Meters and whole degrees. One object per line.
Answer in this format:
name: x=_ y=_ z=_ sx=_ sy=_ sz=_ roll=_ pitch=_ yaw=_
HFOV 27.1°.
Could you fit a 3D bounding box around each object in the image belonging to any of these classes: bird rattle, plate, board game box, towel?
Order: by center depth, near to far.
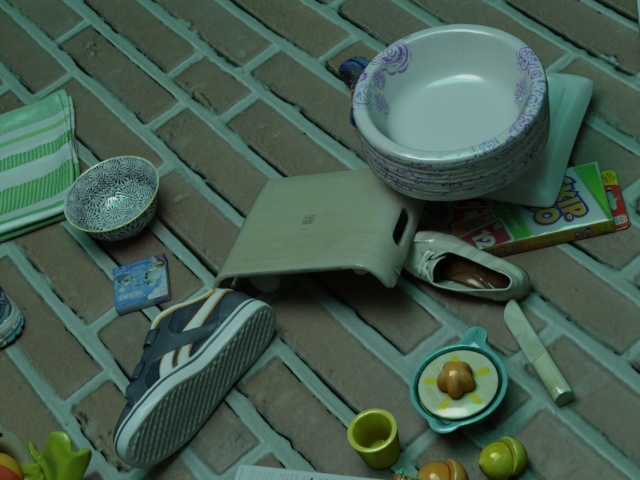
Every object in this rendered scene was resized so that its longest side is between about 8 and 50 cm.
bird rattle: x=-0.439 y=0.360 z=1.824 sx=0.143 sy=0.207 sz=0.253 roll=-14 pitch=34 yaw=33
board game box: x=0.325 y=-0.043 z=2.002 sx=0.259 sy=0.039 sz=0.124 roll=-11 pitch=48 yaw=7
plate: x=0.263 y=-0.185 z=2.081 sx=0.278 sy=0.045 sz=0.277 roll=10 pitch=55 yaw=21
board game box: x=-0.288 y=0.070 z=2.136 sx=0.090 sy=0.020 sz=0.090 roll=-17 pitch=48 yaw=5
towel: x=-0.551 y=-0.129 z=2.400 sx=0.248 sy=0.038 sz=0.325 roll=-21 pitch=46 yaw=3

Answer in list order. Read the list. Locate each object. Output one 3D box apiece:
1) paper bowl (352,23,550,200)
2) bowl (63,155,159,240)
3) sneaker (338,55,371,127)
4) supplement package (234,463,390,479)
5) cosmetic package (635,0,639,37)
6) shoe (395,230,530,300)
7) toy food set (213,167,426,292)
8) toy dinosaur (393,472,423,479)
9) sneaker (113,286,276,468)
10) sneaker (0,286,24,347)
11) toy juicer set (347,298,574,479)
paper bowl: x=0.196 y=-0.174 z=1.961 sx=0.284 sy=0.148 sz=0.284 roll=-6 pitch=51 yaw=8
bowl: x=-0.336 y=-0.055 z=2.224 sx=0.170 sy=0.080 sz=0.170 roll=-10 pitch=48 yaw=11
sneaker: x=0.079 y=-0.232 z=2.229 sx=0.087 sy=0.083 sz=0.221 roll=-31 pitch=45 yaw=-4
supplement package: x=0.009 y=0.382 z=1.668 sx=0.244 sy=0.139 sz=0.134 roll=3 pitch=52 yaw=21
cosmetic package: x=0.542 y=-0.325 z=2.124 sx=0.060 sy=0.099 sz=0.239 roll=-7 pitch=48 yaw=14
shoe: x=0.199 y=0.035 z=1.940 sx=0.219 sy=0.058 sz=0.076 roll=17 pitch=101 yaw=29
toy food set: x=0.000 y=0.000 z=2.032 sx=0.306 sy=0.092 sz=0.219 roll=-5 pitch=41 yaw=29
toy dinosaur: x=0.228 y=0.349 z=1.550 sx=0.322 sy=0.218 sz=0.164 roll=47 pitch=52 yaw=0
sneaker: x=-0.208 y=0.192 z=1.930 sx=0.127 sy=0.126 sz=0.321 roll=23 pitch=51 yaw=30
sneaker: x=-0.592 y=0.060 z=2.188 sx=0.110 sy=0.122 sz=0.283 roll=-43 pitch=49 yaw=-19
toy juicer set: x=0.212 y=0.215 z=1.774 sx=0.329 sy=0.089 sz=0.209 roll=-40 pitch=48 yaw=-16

§ §

### [Task item]
Every line from the first entry to the line containing "Order: by center depth, near to far." should be transcribed exactly, and nothing beyond it.

### [Solution for this exercise]
Meters and whole degrees. One object per line.
Answer in this format:
name: x=_ y=_ z=_ sx=_ sy=_ sz=_ roll=_ pitch=_ yaw=_
HFOV 27.1°.
Could you fit a 3D bounding box around each object in the image belonging to any of these classes: bird rattle, plate, board game box, towel?
Order: by center depth, near to far.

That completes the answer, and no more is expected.